One thing we learned on Tuesday is that Democrats no longer believe, if indeed they ever did, that there is anything wrong with knocking on doors in the middle of what we are told is the most serious public health emergency of our lifetimes. Over and over again during the presidential election we were told by establishment Democrats that it was simply not worth the risk. Stacey Abrams knew better. In 2020, grassroots turnout groups were responsible for 800,000 new voter registrations, many times Joe Biden’s eventual margin of victory in the state; in the two months that followed the same organizations carried out one of the farthest reaching and most effective physical canvassing operations in recent American history.

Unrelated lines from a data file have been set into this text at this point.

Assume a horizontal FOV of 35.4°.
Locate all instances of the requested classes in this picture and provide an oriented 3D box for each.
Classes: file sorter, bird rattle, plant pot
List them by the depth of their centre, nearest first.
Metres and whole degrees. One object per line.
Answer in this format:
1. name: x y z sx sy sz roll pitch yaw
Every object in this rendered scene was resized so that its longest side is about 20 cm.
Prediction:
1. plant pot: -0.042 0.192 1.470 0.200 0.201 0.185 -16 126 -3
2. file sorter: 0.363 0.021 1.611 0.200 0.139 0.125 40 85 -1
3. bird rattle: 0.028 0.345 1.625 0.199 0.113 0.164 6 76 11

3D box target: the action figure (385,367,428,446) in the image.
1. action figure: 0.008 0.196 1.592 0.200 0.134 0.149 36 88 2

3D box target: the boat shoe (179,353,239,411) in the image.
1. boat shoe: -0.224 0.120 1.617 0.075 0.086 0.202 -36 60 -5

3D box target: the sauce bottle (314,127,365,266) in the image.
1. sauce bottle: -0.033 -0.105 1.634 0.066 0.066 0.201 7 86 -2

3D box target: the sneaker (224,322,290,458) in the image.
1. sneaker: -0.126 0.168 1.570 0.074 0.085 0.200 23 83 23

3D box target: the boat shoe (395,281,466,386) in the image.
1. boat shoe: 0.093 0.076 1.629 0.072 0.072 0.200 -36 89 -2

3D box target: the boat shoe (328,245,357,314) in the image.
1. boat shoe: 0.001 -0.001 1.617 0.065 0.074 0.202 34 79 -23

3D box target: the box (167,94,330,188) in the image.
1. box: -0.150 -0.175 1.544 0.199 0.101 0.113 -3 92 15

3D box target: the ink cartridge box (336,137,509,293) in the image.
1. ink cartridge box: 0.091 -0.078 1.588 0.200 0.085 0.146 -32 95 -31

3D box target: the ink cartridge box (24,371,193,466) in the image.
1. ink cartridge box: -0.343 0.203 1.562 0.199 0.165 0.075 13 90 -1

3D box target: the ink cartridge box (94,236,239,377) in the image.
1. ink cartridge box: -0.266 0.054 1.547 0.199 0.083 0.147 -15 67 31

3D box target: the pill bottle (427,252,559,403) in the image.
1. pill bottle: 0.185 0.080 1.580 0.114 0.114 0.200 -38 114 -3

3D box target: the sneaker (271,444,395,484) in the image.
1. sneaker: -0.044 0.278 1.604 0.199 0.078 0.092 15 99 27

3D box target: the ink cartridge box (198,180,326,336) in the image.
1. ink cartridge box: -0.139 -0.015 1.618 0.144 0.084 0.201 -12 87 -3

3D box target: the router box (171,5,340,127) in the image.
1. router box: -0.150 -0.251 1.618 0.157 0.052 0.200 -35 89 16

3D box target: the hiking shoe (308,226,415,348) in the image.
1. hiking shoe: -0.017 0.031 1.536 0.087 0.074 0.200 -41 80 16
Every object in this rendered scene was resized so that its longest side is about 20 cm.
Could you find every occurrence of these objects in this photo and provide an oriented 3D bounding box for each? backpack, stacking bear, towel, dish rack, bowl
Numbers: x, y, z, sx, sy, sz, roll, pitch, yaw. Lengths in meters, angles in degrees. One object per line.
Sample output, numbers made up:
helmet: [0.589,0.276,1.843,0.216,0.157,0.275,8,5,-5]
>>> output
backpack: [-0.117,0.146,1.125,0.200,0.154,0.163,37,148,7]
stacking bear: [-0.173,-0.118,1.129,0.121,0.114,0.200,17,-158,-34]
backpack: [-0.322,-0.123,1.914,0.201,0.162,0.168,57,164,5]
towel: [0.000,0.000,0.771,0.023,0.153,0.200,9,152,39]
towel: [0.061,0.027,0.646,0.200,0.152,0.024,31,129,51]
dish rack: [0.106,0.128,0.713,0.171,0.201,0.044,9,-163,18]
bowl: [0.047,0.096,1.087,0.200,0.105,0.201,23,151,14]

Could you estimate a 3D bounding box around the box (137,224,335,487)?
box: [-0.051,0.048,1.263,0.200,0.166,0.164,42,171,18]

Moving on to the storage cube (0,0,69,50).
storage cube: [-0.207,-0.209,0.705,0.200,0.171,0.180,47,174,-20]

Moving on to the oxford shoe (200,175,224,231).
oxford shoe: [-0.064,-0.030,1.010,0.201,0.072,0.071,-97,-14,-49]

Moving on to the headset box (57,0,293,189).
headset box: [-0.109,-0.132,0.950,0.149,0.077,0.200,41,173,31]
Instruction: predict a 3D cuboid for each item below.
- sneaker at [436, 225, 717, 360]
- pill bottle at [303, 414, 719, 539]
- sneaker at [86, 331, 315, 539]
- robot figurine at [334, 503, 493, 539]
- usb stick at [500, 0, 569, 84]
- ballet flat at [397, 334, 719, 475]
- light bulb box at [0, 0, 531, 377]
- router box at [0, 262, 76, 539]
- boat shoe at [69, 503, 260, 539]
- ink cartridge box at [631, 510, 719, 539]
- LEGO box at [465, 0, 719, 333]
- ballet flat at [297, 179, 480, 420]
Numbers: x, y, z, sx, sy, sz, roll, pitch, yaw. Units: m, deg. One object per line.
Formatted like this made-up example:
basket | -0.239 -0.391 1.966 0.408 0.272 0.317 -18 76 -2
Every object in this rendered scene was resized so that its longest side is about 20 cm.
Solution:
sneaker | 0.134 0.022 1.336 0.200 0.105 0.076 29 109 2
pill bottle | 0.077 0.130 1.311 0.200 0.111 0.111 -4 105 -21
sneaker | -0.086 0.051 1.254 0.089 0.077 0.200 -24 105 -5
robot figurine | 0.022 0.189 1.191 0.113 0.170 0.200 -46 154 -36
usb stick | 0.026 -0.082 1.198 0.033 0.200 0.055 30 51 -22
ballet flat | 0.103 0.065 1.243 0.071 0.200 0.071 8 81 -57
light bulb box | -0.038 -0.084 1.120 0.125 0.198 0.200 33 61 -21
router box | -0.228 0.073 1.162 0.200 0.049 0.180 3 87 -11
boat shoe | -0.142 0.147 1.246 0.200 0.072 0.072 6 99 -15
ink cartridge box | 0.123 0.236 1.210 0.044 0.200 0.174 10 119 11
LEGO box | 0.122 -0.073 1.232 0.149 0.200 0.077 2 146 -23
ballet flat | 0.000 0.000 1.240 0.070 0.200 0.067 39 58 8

Meanwhile, there is every reason to believe that we are seeing the end of a half decade of Republican control of the Senate. Even if it did survive, its ability to frustrate Biden’s governing agenda would be limited. A single defection or absence would send a vote to Kamala Harris to break the tie. No matter what happens, Biden is likely to be able to appoint a Cabinet of his choosing and even to nominate a replacement if Stephen Breyer chooses to retire from the Supreme Court.

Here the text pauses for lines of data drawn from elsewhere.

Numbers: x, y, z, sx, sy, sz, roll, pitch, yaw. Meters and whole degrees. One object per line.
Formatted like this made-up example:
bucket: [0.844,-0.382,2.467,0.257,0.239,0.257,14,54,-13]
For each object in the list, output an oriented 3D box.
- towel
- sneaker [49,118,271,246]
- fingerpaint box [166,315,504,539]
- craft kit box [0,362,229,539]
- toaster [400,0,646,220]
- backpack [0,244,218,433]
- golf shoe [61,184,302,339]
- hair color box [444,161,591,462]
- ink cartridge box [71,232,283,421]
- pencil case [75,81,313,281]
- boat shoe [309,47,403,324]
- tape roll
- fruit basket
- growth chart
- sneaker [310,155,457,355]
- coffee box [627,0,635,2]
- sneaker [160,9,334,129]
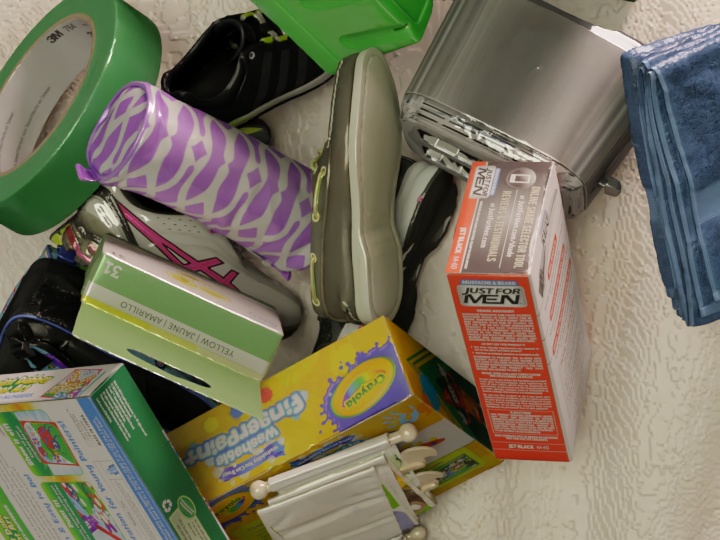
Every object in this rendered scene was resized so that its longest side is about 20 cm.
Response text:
towel: [0.251,-0.070,1.338,0.048,0.111,0.201,11,120,60]
sneaker: [-0.148,-0.053,1.516,0.200,0.074,0.081,-33,99,15]
fingerpaint box: [-0.020,0.132,1.407,0.199,0.167,0.074,-29,58,16]
craft kit box: [-0.197,0.163,1.359,0.197,0.049,0.201,-9,118,40]
toaster: [0.115,-0.127,1.384,0.199,0.114,0.130,28,78,13]
backpack: [-0.199,0.099,1.479,0.199,0.135,0.183,24,125,-12]
golf shoe: [-0.125,-0.013,1.460,0.199,0.073,0.092,26,105,-18]
hair color box: [0.115,0.031,1.342,0.064,0.201,0.111,1,47,17]
ink cartridge box: [-0.127,0.035,1.334,0.145,0.200,0.048,25,95,-9]
pencil case: [-0.107,-0.066,1.407,0.086,0.200,0.084,-50,33,19]
boat shoe: [-0.008,-0.061,1.383,0.060,0.072,0.203,2,96,31]
tape roll: [-0.237,-0.126,1.483,0.200,0.048,0.201,-33,39,32]
fruit basket: [-0.032,-0.267,1.411,0.215,0.155,0.216,-20,52,28]
growth chart: [-0.007,0.177,1.396,0.144,0.200,0.018,-17,59,-4]
sneaker: [0.000,0.000,1.465,0.086,0.080,0.201,25,89,28]
coffee box: [0.131,-0.243,1.351,0.122,0.200,0.044,16,91,19]
sneaker: [-0.075,-0.167,1.445,0.200,0.083,0.072,-40,69,-16]
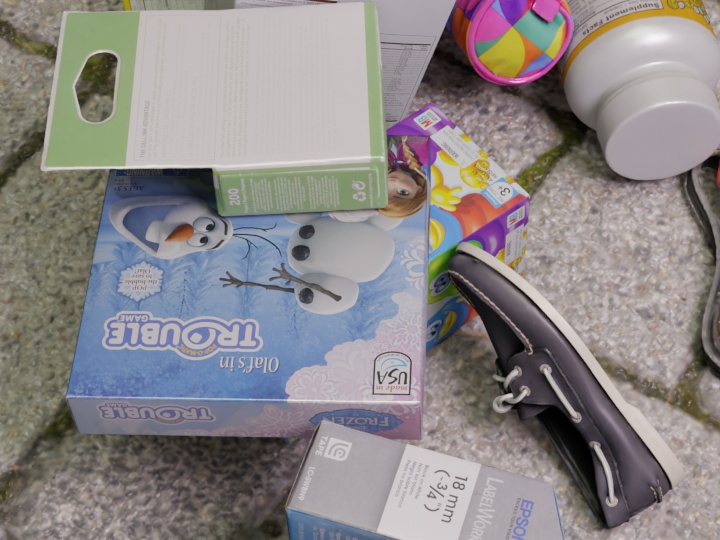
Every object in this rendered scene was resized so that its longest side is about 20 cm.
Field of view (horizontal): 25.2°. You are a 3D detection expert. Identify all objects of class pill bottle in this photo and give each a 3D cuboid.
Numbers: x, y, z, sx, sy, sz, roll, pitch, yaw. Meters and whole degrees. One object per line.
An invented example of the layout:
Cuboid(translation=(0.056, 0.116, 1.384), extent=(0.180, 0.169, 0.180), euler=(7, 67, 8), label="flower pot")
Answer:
Cuboid(translation=(0.193, -0.168, 1.151), extent=(0.112, 0.113, 0.201), euler=(-7, 55, -3), label="pill bottle")

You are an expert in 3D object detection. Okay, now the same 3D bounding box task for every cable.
Cuboid(translation=(0.254, -0.024, 1.087), extent=(0.097, 0.050, 0.200), euler=(16, 57, 17), label="cable")

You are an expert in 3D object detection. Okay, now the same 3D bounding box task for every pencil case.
Cuboid(translation=(0.086, -0.213, 1.169), extent=(0.088, 0.089, 0.200), euler=(-14, 39, -8), label="pencil case")

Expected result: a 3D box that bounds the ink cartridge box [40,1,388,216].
Cuboid(translation=(-0.085, -0.100, 0.982), extent=(0.199, 0.048, 0.146), euler=(-3, 49, 1), label="ink cartridge box")

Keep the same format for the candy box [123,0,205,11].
Cuboid(translation=(-0.112, -0.145, 1.178), extent=(0.102, 0.026, 0.201), euler=(-13, 63, 0), label="candy box")

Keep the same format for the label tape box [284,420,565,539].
Cuboid(translation=(0.063, 0.170, 0.906), extent=(0.199, 0.144, 0.063), euler=(14, 55, 11), label="label tape box")

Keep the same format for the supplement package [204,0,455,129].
Cuboid(translation=(-0.023, -0.231, 1.100), extent=(0.146, 0.200, 0.192), euler=(4, 60, -13), label="supplement package")

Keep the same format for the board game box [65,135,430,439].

A victory for Ossoff gives the Democrats a de facto if exceedingly thin majority. Statehood for Washington, D.C., and Puerto Rico would be on the table, which would in turn give Democrats control of the upper chamber for the foreseeable future. The filibuster would also likely be abolished. Ideological outliers like Joe Manchin, the West Virginia Democrat, and Susan Collins, the Maine Republican, would become kingmakers. The best hope for Republicans is a last-minute reversal of fortune for Perdue and four years of divided government with a Democrat in the White House, a split Congress, and a conservative majority on the Supreme Court.